Although I tend to think of overtime questions as non-constructive for the same reasons Mark does, my main objection to them is that they're simply not on topic.
The FAQ now has a pretty little diagram for everyone:
Here's the thing: Overtime isn't a unique subject for programmers. Lots of programmers tend to think it's unique for them, just as lots of programmers tend to think that about almost everything, but it isn't.
You want to see overtime? Check out the finance section of a publicly-traded company at year-end. I'm sure they can tell you a few things about overtime. So can sysadmins, lawyers, researchers, and many others.
Overtime talk isn't in the "All Programmers" circle, it's in the "All Careers" circle. It's a popular topic, yes, we all know that - any "pet peeve" thread is going to be wildly popular - but it's not something that uniquely affects programmers and definitely not something that programmers are uniquely qualified to answer.
Because there seems to be such a large audience who wants to talk about general employment and workplace environment issues, some folks went and created an Area 51 proposal for it. It's called Professional Matters. Please support it so that there will finally be a non-controversial home for them on the Stack Exchange network.

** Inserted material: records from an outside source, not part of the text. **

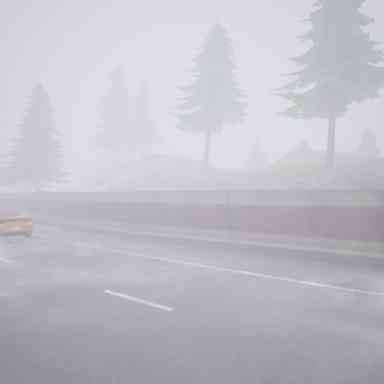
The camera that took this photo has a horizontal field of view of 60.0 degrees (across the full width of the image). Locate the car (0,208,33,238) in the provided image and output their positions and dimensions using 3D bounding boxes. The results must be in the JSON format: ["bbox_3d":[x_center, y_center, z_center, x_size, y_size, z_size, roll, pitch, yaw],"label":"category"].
[{"bbox_3d":[-10.033,1.565,17.353,5.008,1.535,1.882,0,0,44],"label":"car"}]
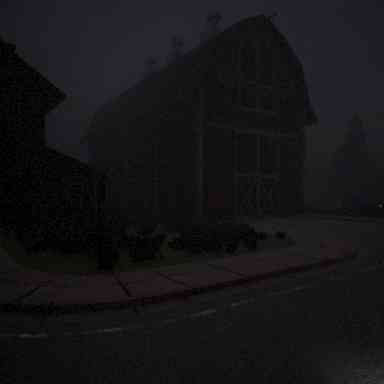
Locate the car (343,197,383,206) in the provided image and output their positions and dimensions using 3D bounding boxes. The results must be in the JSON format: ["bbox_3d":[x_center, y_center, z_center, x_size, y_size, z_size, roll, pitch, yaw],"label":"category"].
[{"bbox_3d":[18.317,1.363,35.154,2.097,1.767,4.553,0,0,-34],"label":"car"}]
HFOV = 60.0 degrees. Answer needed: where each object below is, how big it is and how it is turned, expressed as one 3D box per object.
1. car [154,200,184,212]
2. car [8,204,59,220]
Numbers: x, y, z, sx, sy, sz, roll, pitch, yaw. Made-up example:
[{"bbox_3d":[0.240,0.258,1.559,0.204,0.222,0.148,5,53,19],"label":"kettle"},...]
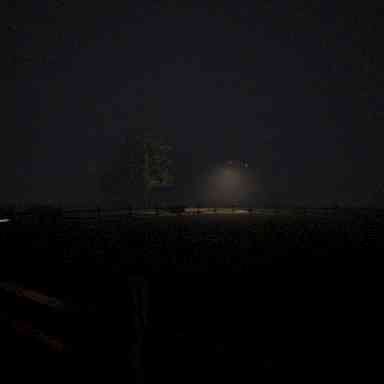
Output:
[{"bbox_3d":[-3.077,1.894,45.617,2.097,1.767,4.553,0,-1,38],"label":"car"},{"bbox_3d":[-14.597,1.831,30.830,1.994,1.385,4.181,0,-1,38],"label":"car"}]

P.S. The other problem with overtime questions is that they are massively duplicated. Every question is practically a carbon copy of the last, with the essential question being some variation of "Should I put up with overtime?" / "How can I say no to overtime?" and the essential answer being some variation of "Familiarize yourself with the local labour laws" and "Your employer doesn't own you, it's OK to work 9 to 5." It's quite frankly stultifying to read those same threads over and over again. At some point we have to step back and say to ourselves, you know what, I don't think we really need another question about overtime.